#### Source data
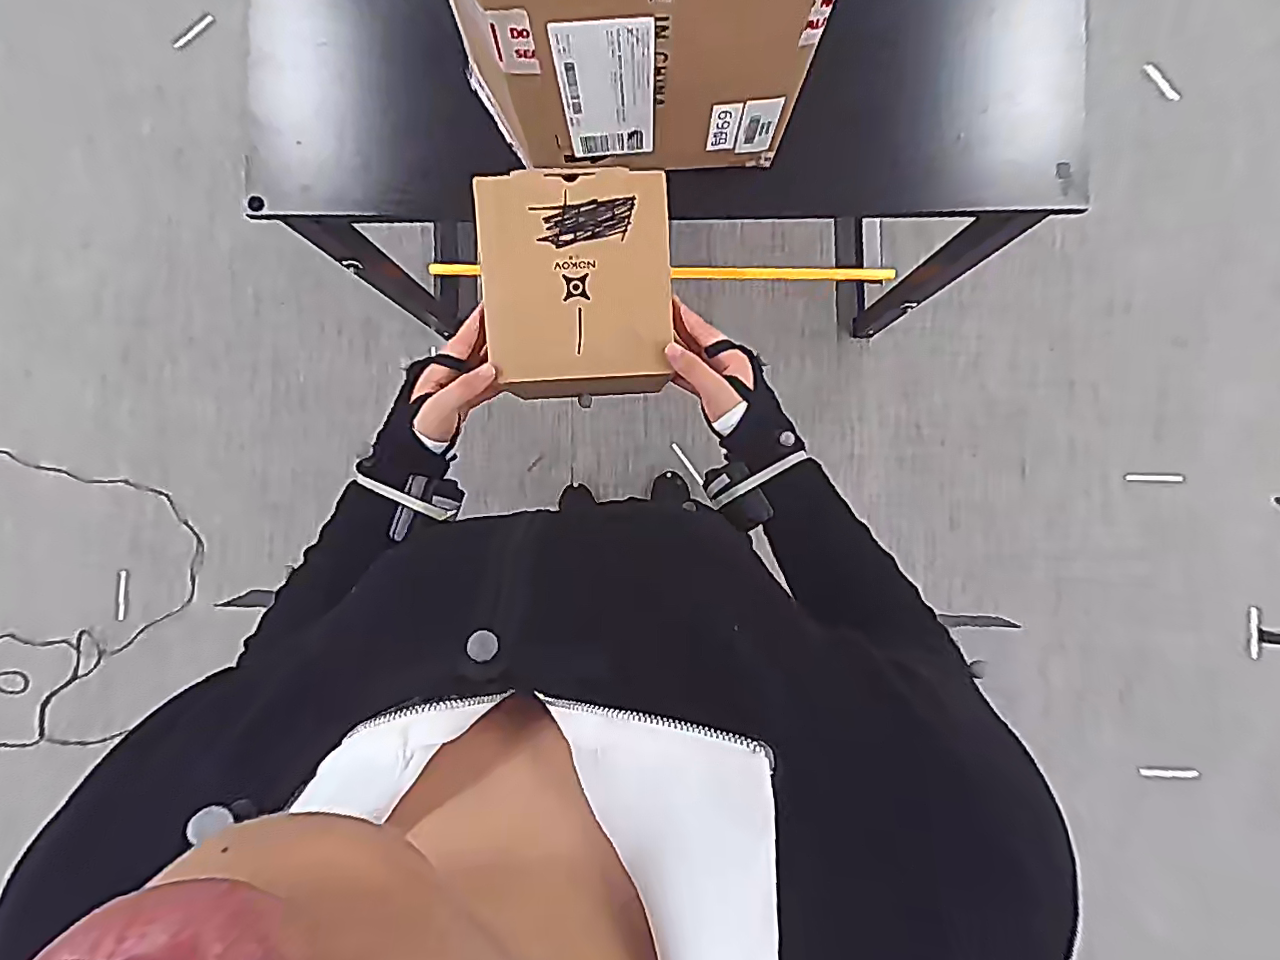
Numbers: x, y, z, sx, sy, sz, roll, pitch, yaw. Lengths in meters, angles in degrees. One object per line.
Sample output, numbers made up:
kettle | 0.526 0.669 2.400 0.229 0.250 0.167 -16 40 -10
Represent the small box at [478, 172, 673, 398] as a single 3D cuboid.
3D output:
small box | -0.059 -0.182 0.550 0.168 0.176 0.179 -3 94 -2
########
#### Source data
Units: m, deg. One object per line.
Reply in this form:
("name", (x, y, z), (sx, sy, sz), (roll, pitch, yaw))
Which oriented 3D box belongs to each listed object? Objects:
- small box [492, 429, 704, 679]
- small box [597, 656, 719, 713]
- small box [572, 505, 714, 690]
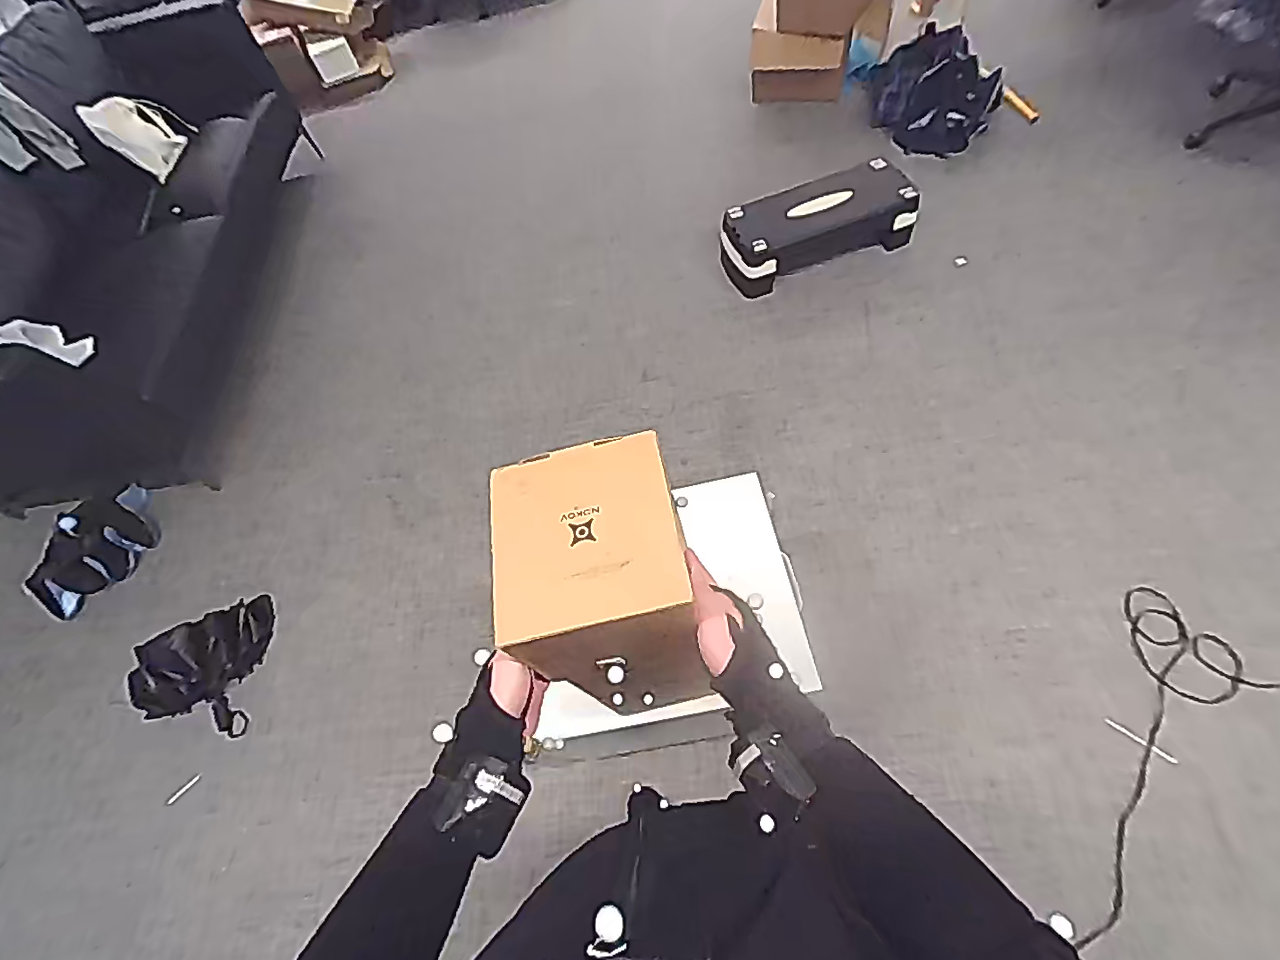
########
### Exercise details:
What are the lines above, starting at the one with "- small box [492, 429, 704, 679]" and ending at the one with "- small box [572, 505, 714, 690]"? Give them again exactly, and only them.

### Worked solution:
- small box [492, 429, 704, 679]
- small box [597, 656, 719, 713]
- small box [572, 505, 714, 690]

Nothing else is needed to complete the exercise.